Tonkean experienced a critical incident on October 16, 2025 affecting Workflows Runtime and User Interfaces (Forms, Item Interfaces, Workspace Apps, Business Reports) and 1 more component, lasting 13m. The incident has been resolved; the full update timeline is below.
Affected components
Update timeline
- investigating Oct 16, 2025, 12:18 PM UTC
We are currently investigating this issue.
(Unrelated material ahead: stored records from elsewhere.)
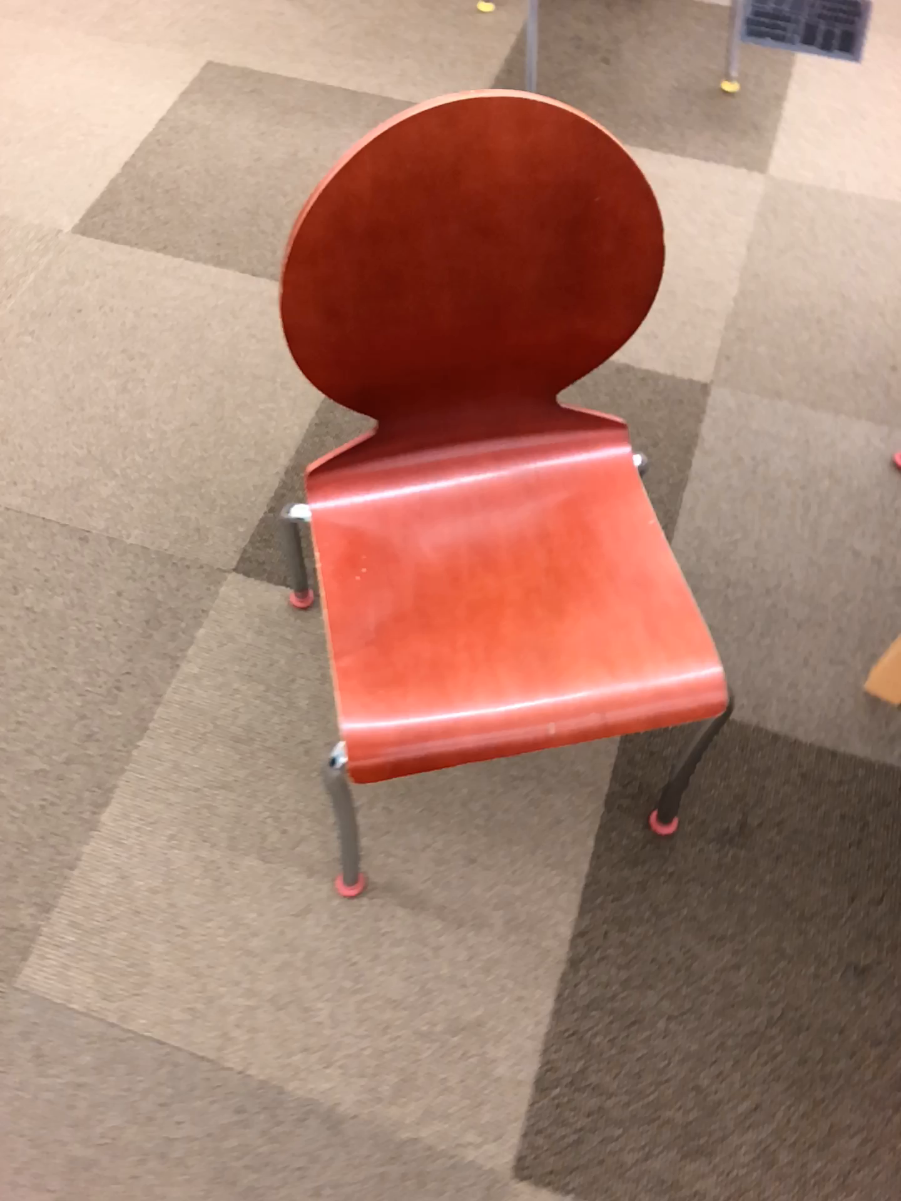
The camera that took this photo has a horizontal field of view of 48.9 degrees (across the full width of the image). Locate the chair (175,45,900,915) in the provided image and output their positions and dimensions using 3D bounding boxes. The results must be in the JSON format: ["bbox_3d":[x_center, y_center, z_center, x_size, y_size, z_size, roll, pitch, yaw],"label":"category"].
[{"bbox_3d":[0.049,-0.063,1.029,0.488,0.721,0.488,-9,58,-7],"label":"chair"}]

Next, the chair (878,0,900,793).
[{"bbox_3d":[0.890,-0.202,1.114,0.508,0.721,0.508,9,57,5],"label":"chair"}]
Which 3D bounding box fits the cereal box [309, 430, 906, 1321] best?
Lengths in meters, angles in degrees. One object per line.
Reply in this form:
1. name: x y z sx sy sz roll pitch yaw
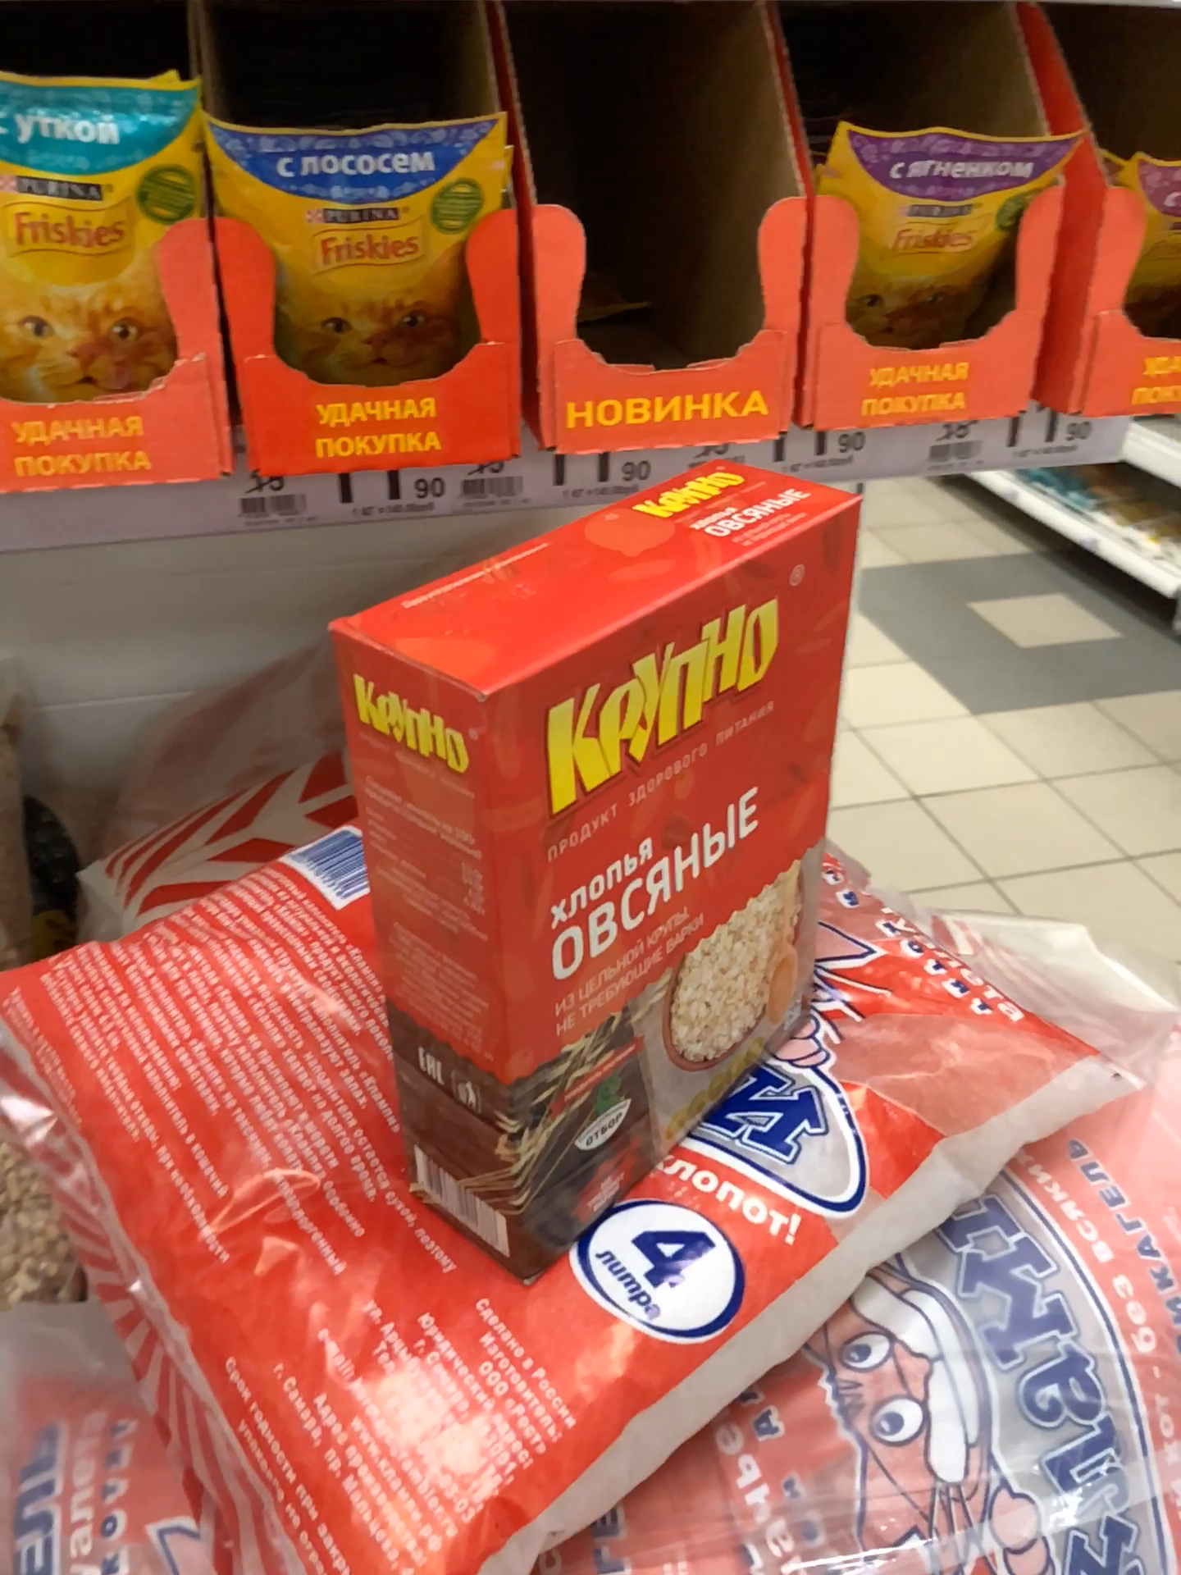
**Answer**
1. cereal box: 0.011 0.021 0.366 0.060 0.199 0.151 26 40 34
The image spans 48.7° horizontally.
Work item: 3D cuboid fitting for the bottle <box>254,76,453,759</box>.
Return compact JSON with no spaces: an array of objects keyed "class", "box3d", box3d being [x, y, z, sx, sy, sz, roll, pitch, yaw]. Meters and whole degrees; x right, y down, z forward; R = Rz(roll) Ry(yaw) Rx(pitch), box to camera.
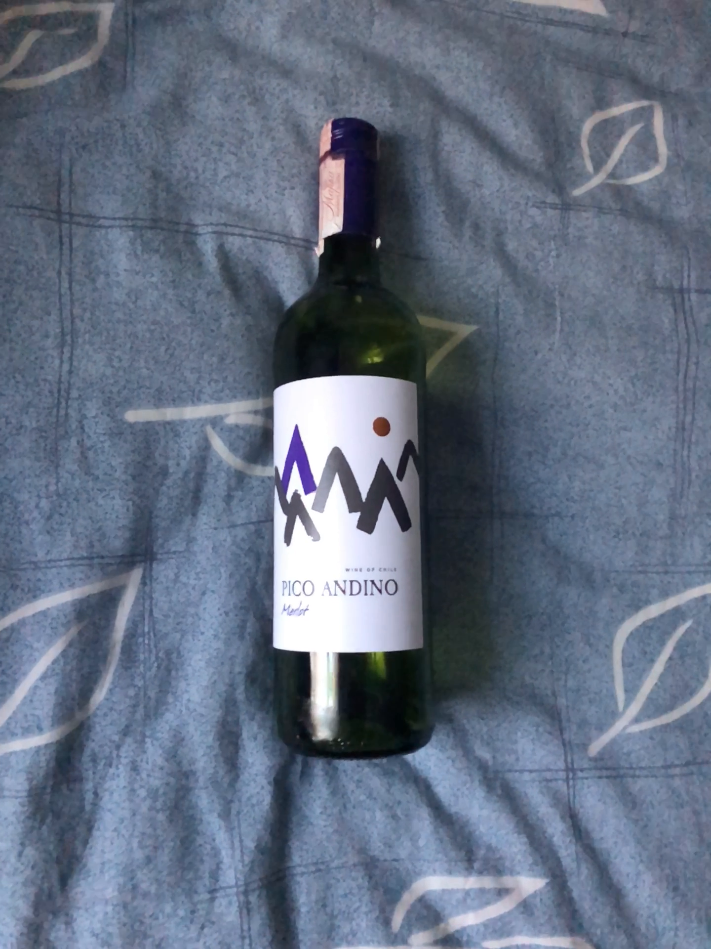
[{"class":"bottle","box3d":[0.001,-0.026,0.372,0.080,0.080,0.290,-2,83,6]}]

- resolved Oct 16, 2025, 12:31 PM UTC
This incident has been resolved.
- postmortem Oct 19, 2025, 12:54 PM UTC
**Root Cause Analysis – Autoscaler Permission Change Incident** On October 16, 2025, we changed the permissions used by our autoscaling service as part of upcoming infrastructure improvements. The change was applied at 11:52 UTC. Initially, system performance remained stable, but at 12:06 UTC, the autoscaler unexpectedly stopped working. As a result, new system capacity could not be added when needed, and some services began to degrade as demand increased. The recent permission change was identified as the likely cause. A rollback was initiated, and by 12:15 UTC, the original permissions were restored and the autoscaler restarted. System capacity began recovering shortly afterward, and by 12:31 UTC, all services were back to normal. The total period of degraded performance lasted approximately 25 minutes. No data loss occurred. The issue was caused by a mismatch in the updated permissions, which interfered with the autoscaler's ability to manage capacity. When triggered, this caused the autoscaler to fail silently until workloads exceeded the available infrastructure. To resolve the issue, we reversed the change, restarted the service, and confirmed that everything was operating normally again. Several actions are now in place to reduce the risk of recurrence. These include adding pre-change validation for permission updates, improving monitoring for autoscaler failures, and strengthening review procedures for operational changes. These improvements are integrated into our deployment practices to support continued system stability and operational scalability.